Les faiseurs d'opinions
Il suffit d'un sondage, généralement basé sur peu de choses, pour susciter un «emballement de la machine médiatique» (le média, déshumanisé, est donc une machine incontrôlable). On l'a vu avec Dominique Strauss-Kahn, qui a bénéficié d'un engouement monté de toutes pièces des semaines durant alors que le directeur du FMI n'avait certainement pas songé lui-même à revenir en France ni faire acte de candidature pour 2012. Maintenant que le soufflé est retombé et que l'affaire tourne au ridicule, on passe à autre chose : le sondage Harris Interactive publié samedi dans Le Parisien sur les intentions de vote des Français… à quatorze mois du scrutin, vanté comme une «alerte», tombe à pic pour créer un nouvel écran de fumée.
Car c'est bien de cela qu'il s'agit : d'un écran de fumée. George Orwell avait listé, selon lui, les trois grands maux de l'humanité : «l'idôlatrie nationaliste», le «mensonge organisé» et la «distraction permanente». Nous y sommes !
Le spectre du 21 avril 2002
Alors qu'ils devraient se faire une opinion par eux-mêmes sur des bases sérieuses afin de voter en leur âme et conscience, «les gens se sont mis à intégrer les sondages dans leurs raisonnements», a benoîtement admis le politologue Roland Cayrol, hier soir à "C dans l'air" sur France 5. Certains de ces sondages, aussitôt relayés par un «emballement médiatique», influencent désormais les électeurs : sauf erreur, cela s'appelle de l'instrumentation.
Résultat, «on est beaucoup plus stratège parce qu'on sait ce qu'on risque», a poursuivi le fondateur de l'Institut de sondages CSA, plaidant par la même occasion pour le «vote utile». Tant pis pour la morale démocratique : les petites candidatures «de témoignage» ou «d'agitation d'idées», dont les porte-parole n'ont aucune chance d'être élus, sont en filigrane accusées de polluer les élections et priées de céder leur place aux grandes formations — toujours les mêmes — face au «danger frontiste». Jean-Luc Mélenchon, qui a qualifié Marine Le Pen de «diable de confort des piliers du système», a tout compris.

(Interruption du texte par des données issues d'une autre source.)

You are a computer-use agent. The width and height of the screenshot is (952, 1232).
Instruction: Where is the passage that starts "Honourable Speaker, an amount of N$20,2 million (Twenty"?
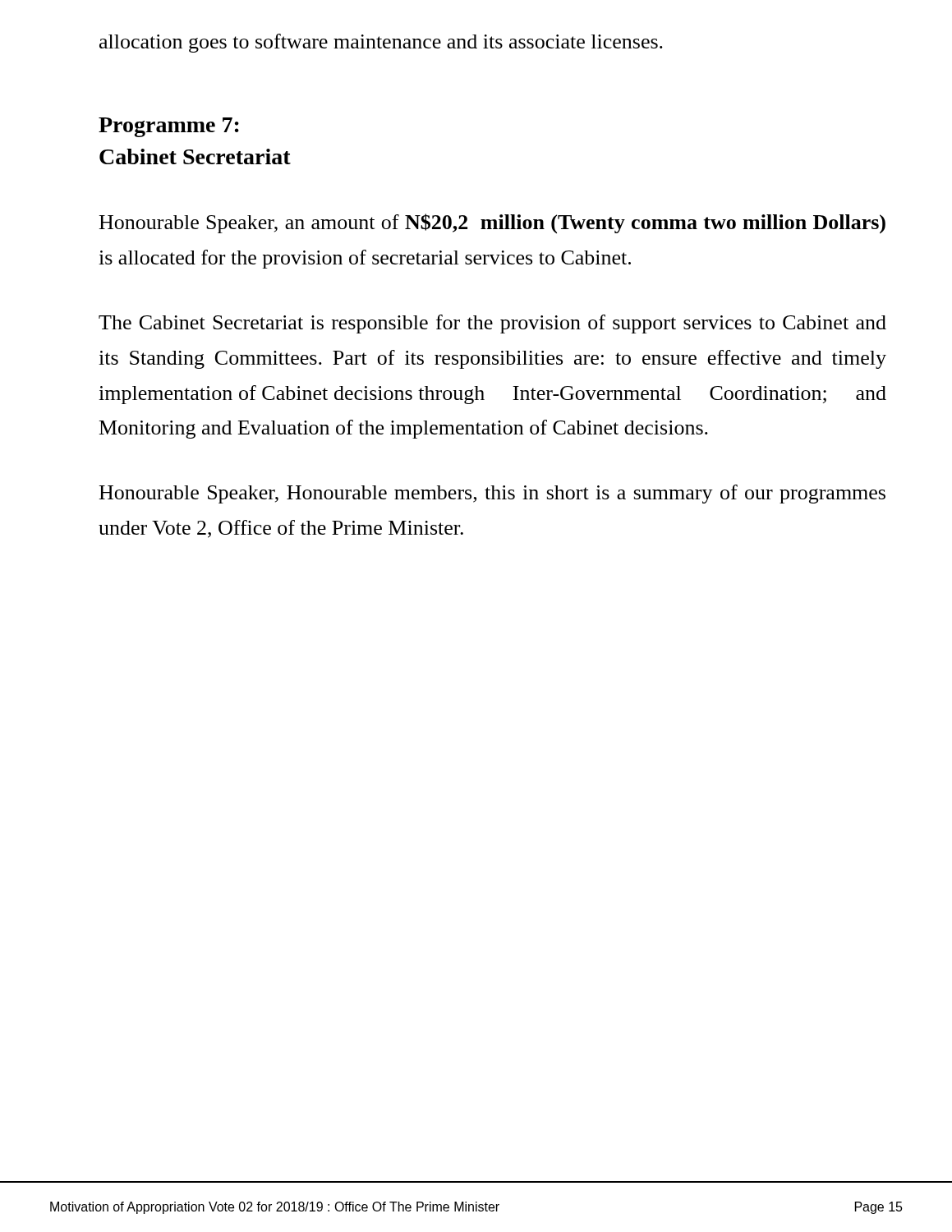pyautogui.click(x=492, y=240)
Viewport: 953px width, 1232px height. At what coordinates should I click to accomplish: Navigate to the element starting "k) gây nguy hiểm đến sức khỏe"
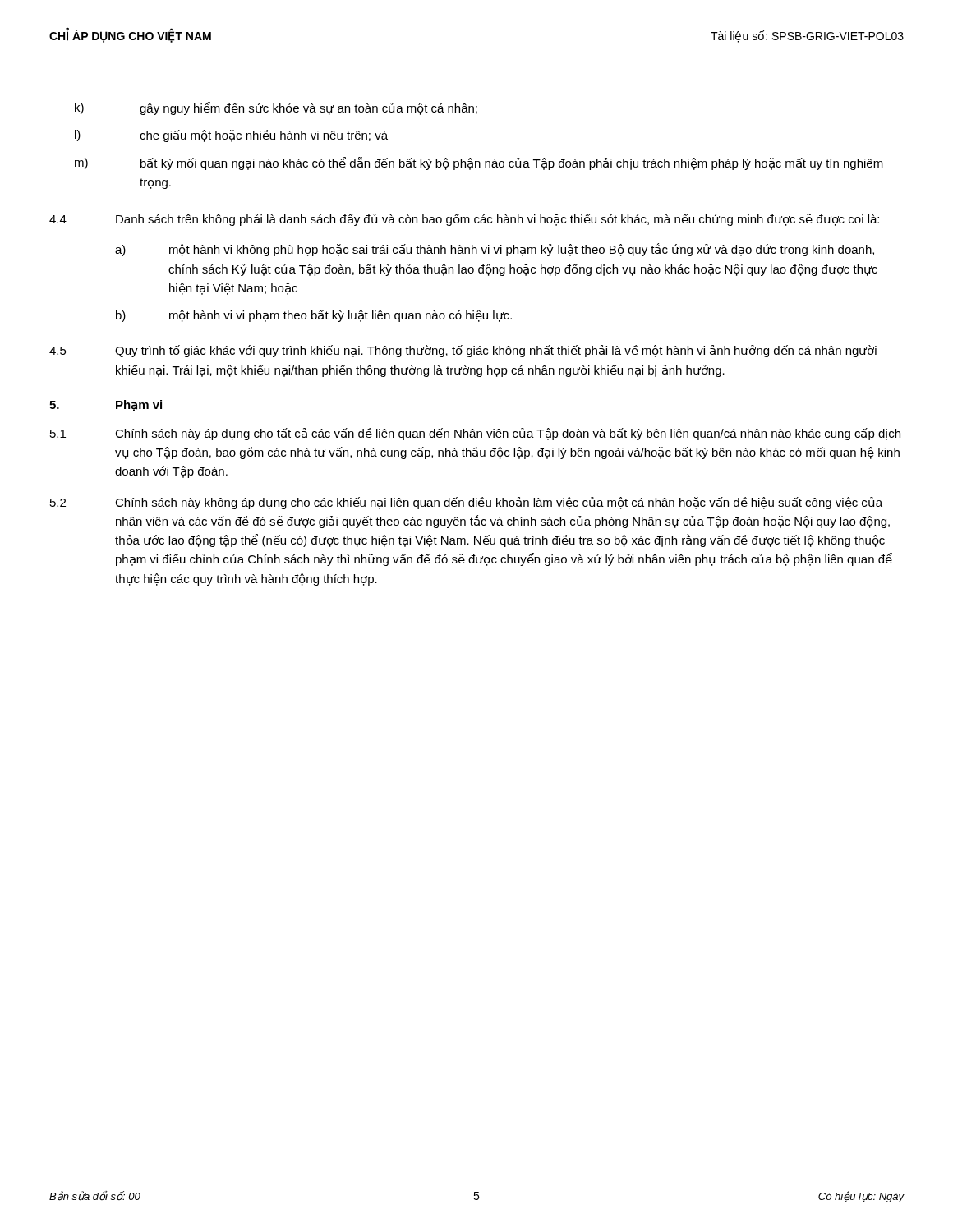click(476, 108)
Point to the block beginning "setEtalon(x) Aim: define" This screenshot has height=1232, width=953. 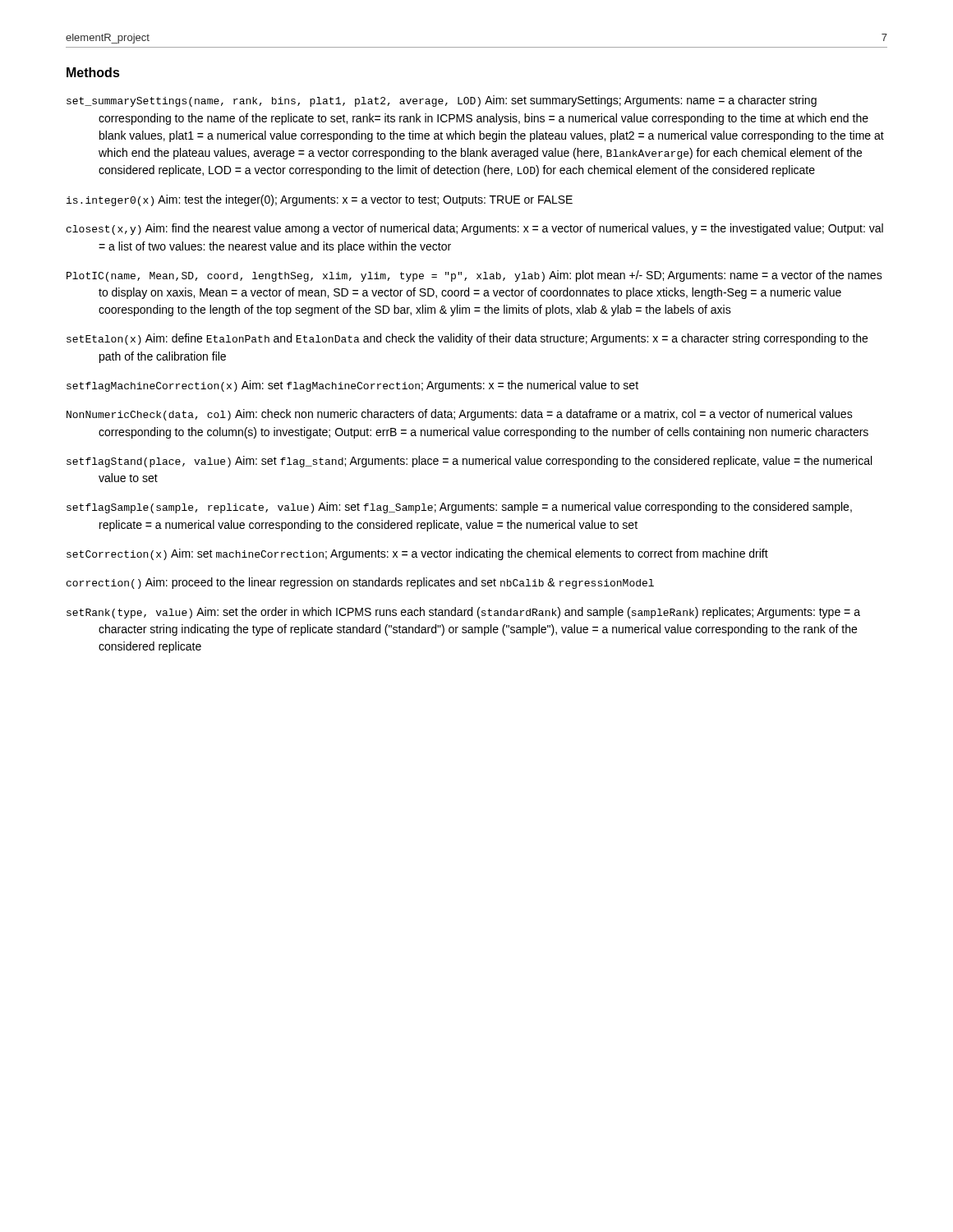(x=467, y=347)
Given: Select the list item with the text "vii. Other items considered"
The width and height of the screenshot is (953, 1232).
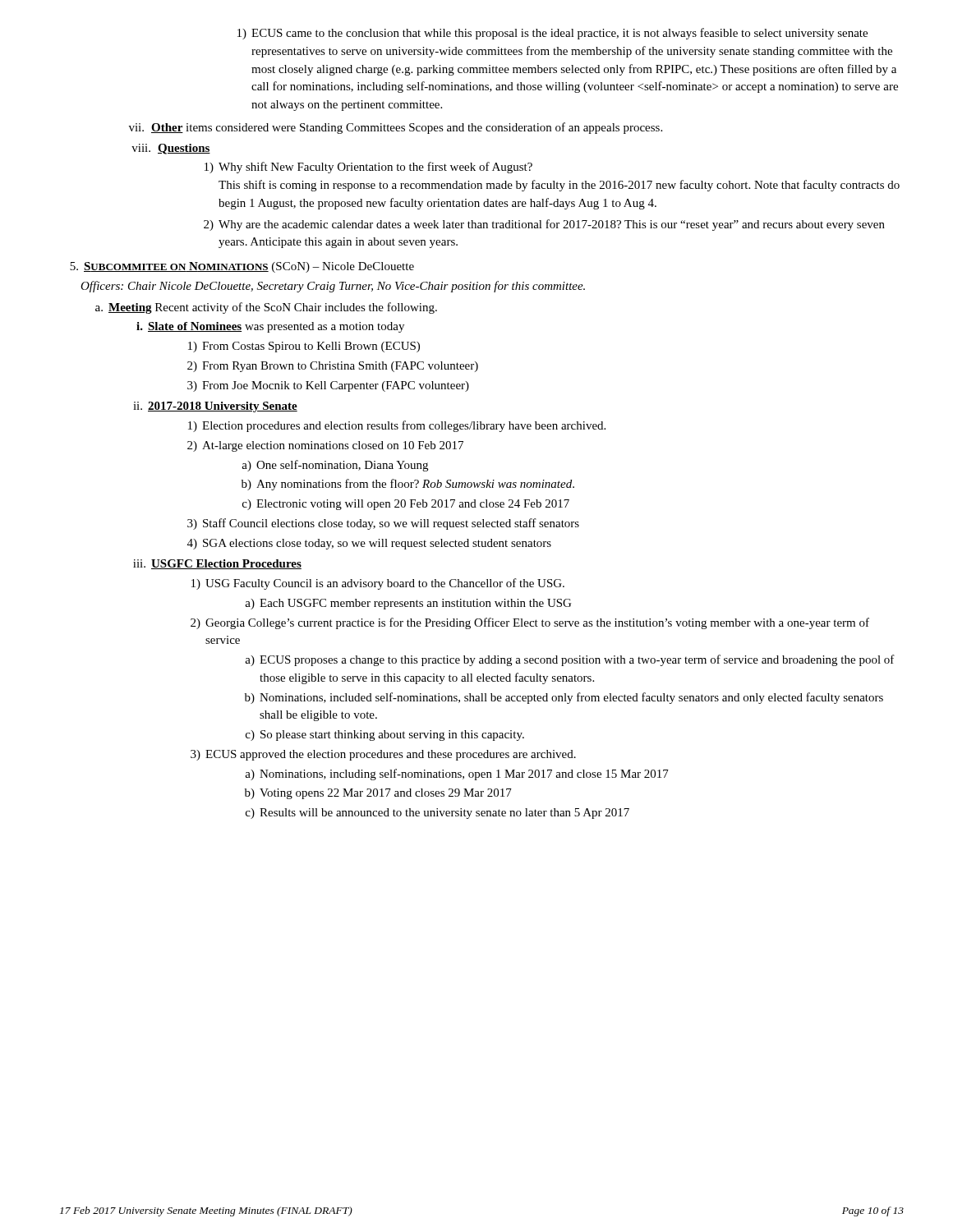Looking at the screenshot, I should coord(504,128).
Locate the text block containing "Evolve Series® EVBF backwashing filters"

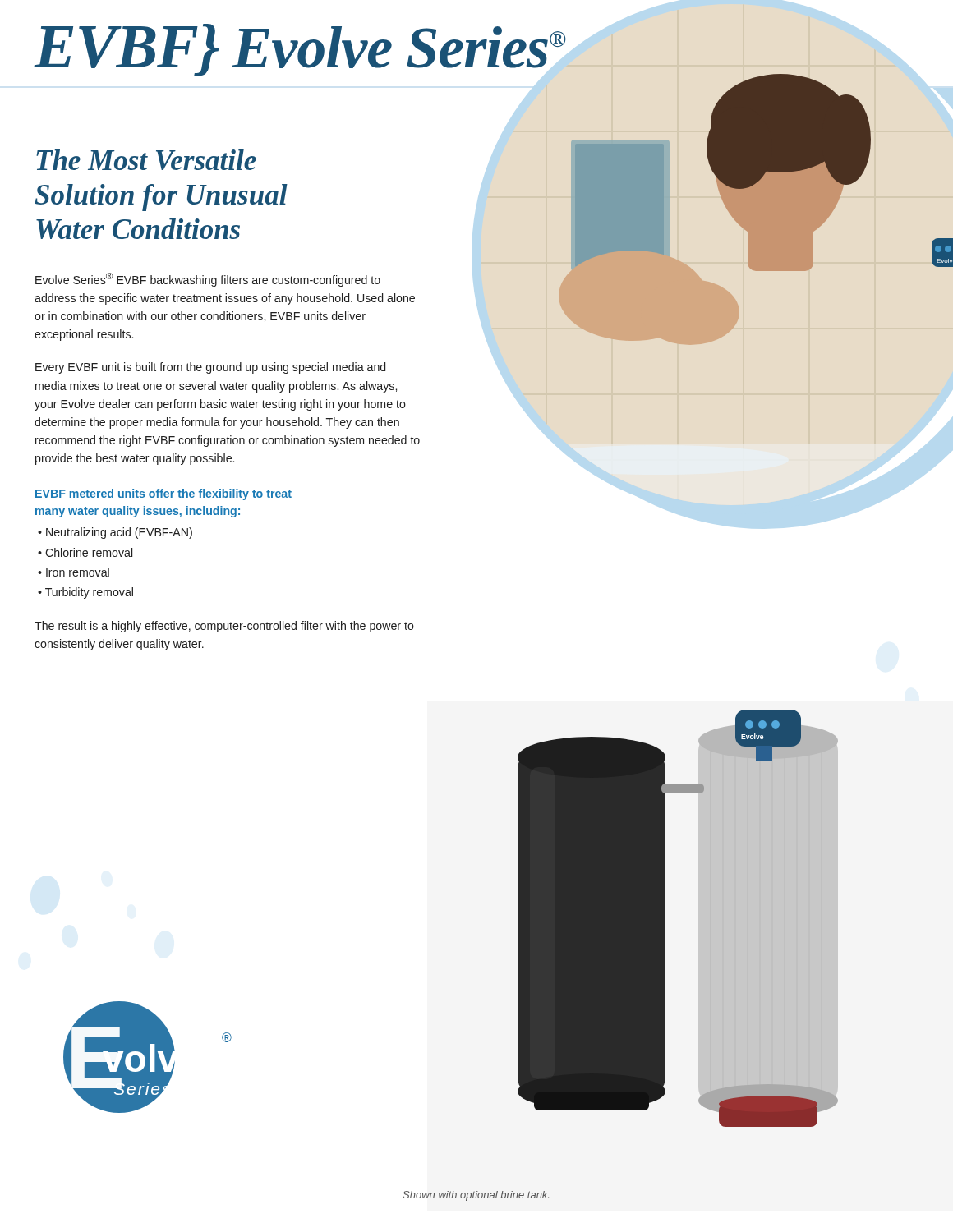(x=225, y=306)
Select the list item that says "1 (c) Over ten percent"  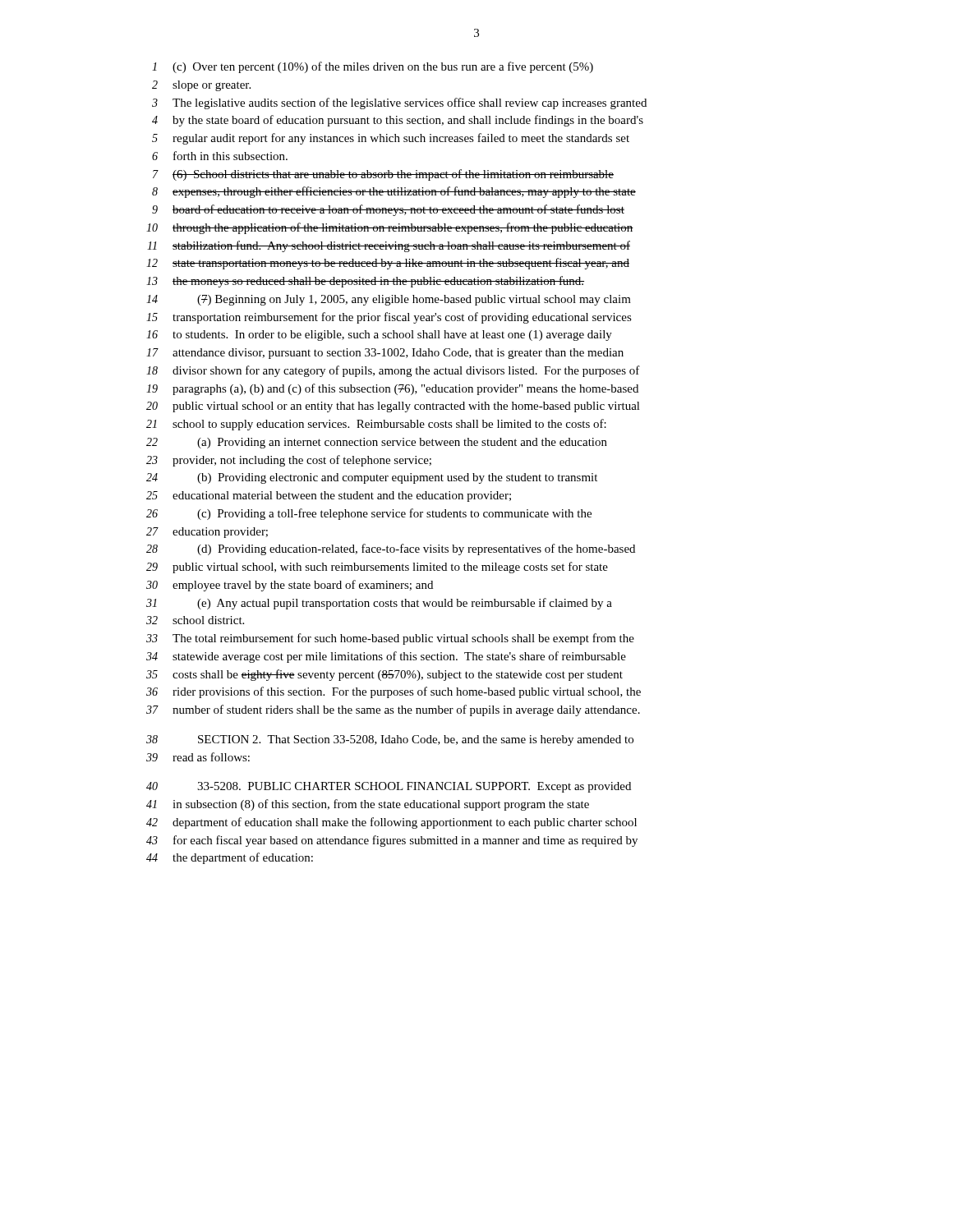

Adieu le débat démocratique : ce sont les sondeurs et les éditocrates qui le confisquent et le mènent à notre place, en le vidant de sa substance. Si ce n'est pas une forme de dictature, comment qualifier cet état de fait ?
Et voici qu'après DSK, les médias jettent leur dévolu sur Marine Le Pen, lui donnant une image flatteuse sinon acceptable. Avec l'esprit moutonnier qui les caractérise, tous font sa promotion. Marine Le Pen n'a pas besoin de faire campagne pour le moment : d'autres, à des degrés divers, la lui font gratis. Le résultat est pathétique.